Regulators should have taken a less deferential approach to the banking industry, the governor of the Central Bank has said.
In his opening statement to the Oireachtas banking inquiry, Prof Patrick Honohan said there should have been a greater degree of intrusiveness and assertiveness in regulating the banks.
This would have “disrupted a pattern of inconclusive engagement with the banks”.
He also said the government guarantee of subordinated debt of the banks, instead of just bank deposits, was “clearly a mistake”.
The formal guarantee “of all long-dated debt was also unnecessary” and “bound to constrain the authorities’ ability to restructure or wind down failed banks before the expiry of the initial guarantee”.

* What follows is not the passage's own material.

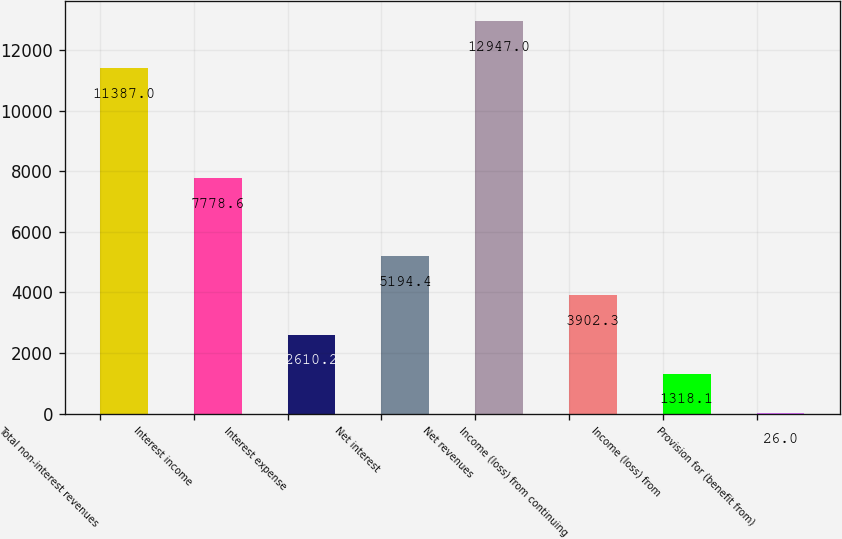Convert chart to OTSL. <chart><loc_0><loc_0><loc_500><loc_500><bar_chart><fcel>Total non-interest revenues<fcel>Interest income<fcel>Interest expense<fcel>Net interest<fcel>Net revenues<fcel>Income (loss) from continuing<fcel>Income (loss) from<fcel>Provision for (benefit from)<nl><fcel>11387<fcel>7778.6<fcel>2610.2<fcel>5194.4<fcel>12947<fcel>3902.3<fcel>1318.1<fcel>26<nl></chart>

“With the benefit of hindsight – had the regulatory authorities had any notion that heavy losses could be involved – an alternative strategy of putting Anglo (and Irish Nationwide Building Society) into liquidation on September 29th, while standing behind the rest of the system, should have been more favourably considered.”
External partners
He said “external partners might have responded to such an idea with compromise proposals that might have alleviated the subsequent pressures on the Irish exchequer”.
He also said greater consultation with EU partners would have been “highly desirable” and could have helped Ireland to be “less on the back foot in subsequent negotiations”.
Prof Honohan, Central Bank governor since 2009, spoke at the inquiry on The Irish Banking Crisis; Regulatory and Financial Stability Policy 2003-8, a report he prepared in May 2010 on the role of the Central Bank and the financial regulator prior to the bank guarantee of September 2008.
He will attend the inquiry again later in the year to discuss other aspects of the banking crisis.
He said there had been an excessive reliance on a regulatory philosophy “that implicitly trusted that well-governed banks could be relied upon to remain safe and sound”.
There were also “deficiencies in skills and staff resources”.
The language of successive published financial stability reports in advance of the crisis was too reassuring and was “a triumph of hope over reality”, he said.
Too optimistic
“In the end senior officials in both institutions, as well as many elsewhere at home and abroad, were too optimistic about the strength of the economy and the Irish banks,” Prof Honohan said.
He also said extensive changes had since taken place at the Central Bank to ensure that the identified shortcomings “have been removed as far as possible”.